Open Source Vendors: Towards a Production Classification in Function of Firm-Community Relationship

Few days ago I joined the open source vendor debate remarking the importance of resolving the name confusion in favor of customers, and Jaspersoft CEO Brian Gentile shout-out saying that open core offers best opportunity for community and commercial Success.

Lines blurring between open source and proprietary vendors apparently invigorate the debate. I want to take the chance here to classify production model in function of the nature of firm-community relationship.

Defining corporate, voluntary, and hybrid organizational categories 6 years ago was important to start identifying open source projects’ organizational attributes.

The FS/OSS projects falling under the corporate category do not seem to have organizational attributes different from traditional proprietary projects. Indeed, the organization of work followed seems to be the same as that of a traditional firm. There is a well-defined hierarchy for the production process: there are a project manager, analysts, programmers, and end-users that within an organization are employed to – respectively – direct production and define, produce, and use the system. All stages of production are carried out by internal organization.

The difference between the voluntary and the hybrid idealtypes is not often considered. In the voluntary case the process of production is open for all contributors: deadlines and tasks may be assigned by the organization, but programmers are not completely bound to follow them.
In the hybrid case, volunteers from outside the organization as well as remunerated programmers contribute to the production process. The tasks and timeline are set by the organization and are binding for the remunerated programmers. When the volunteers do not respect deadlines or assignment of task, the remunerated programmers will. And when there are urgent necessities for, e.g., a patch, the hybrid organization may work in house even if this means duplication of volunteer efforts from outside. The American company Red Hat Enterprise is a good example of a hybrid.

Hybrid described how firms make use of open source communities. The firm-community  relationship was then further investigated by Dahlander and Magnusson distinguishing symbiotic, commensalistic, and parasitic approaches.
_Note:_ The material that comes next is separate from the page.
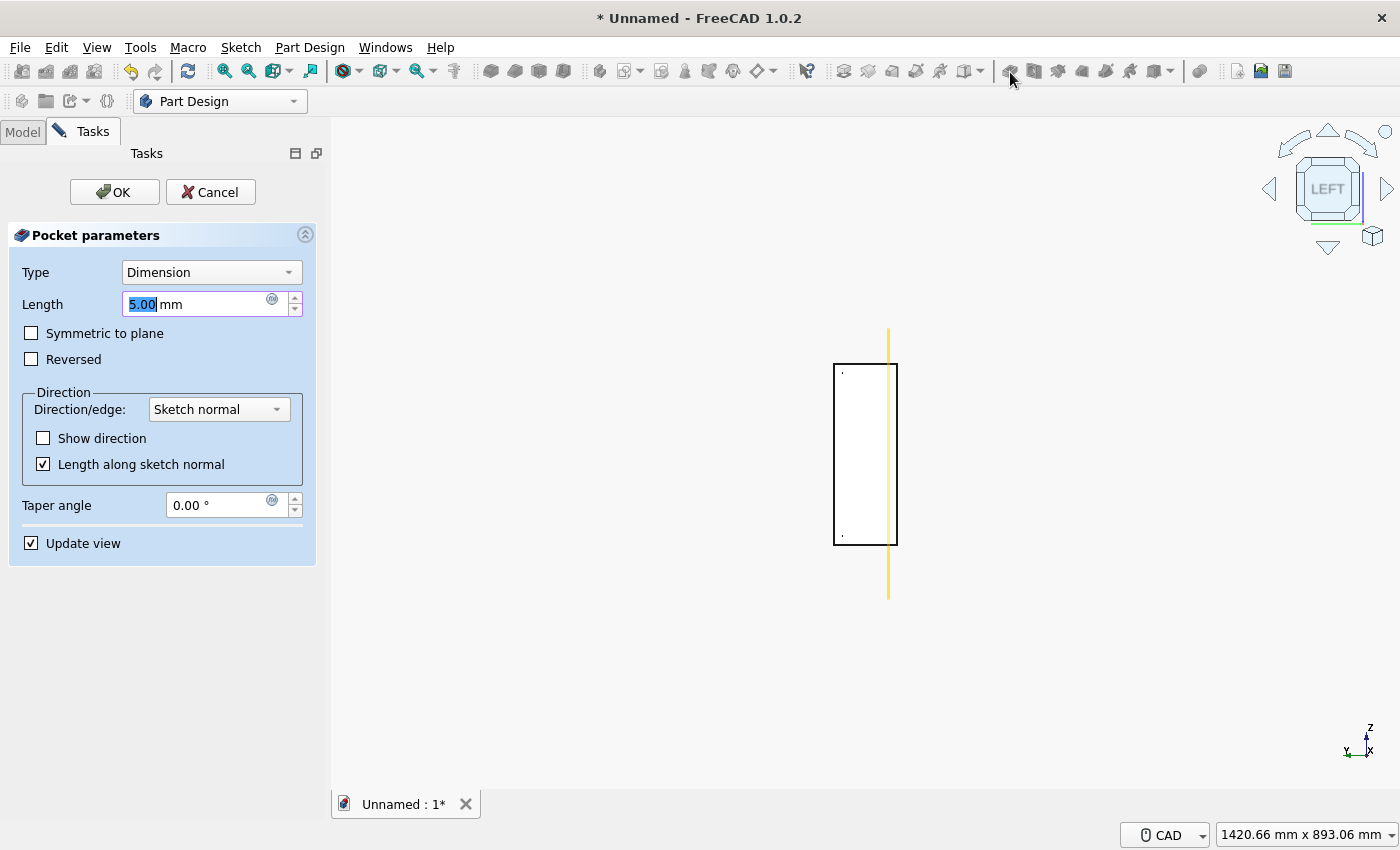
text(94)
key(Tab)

The symbiotic approach is the most promising. It can bring a vendor straight to the top of the five stages of community open source engagement, as designed by Ian Skerrett. Actors like GroundWork or Google, as recently pointed out by Stephen O’Grady, are already doing it.

The production model affects at large the software life-cycle, resulting in different core capabilities and configuration of activities, namely two of the nine building blocks used to describe an (open source) business model. The result is that a vendor can make R&D savings just standing on the shoulders of open source giants. Moreover, an effective strategy addresses also other issues like building a community and attracting external contributors changes, as originally analyzed by West and O’Mahony.

Open core vendors, i.e. firms spinning out internally developed code, have to face managerial issues related to decision rights and control, since transparency and accessibility affect external participations. With open core vendors copyright and control are in one hand, as a result all kind of commercial services are available by the vendor, but not only.

Brian Gentile disagrees with whom says that the only true open source vendor is who provide identical community and commercial editions, arguing that this argument miss history lesson. I agree. At least as far as open source vendors allow sub-projects creations and/or the right to directly commit software changes on the public repository is allowed.

Pure open source vendors, like the above mentioned Red Hat, have also to address important issues like influencing the community, and can be distinguished on the basis of how they rely on open source external knowledge (accessing, aligning or assimilating it).  All in all legitimacy has to be gained or retained.

But what customers expect? I agree with David Rosenberg, saying:

Open-source companies have to become models of efficiency in every area in order to keep costs down and revenues up. Customers expect open-source alternatives to be 10 percent to 20 percent of the cost of the proprietary product, which means that open-source companies need to be 80 percent to 90 percent more capital-efficient.

Open source vendors, core or not have to go beyond the marketing hype to be so efficient.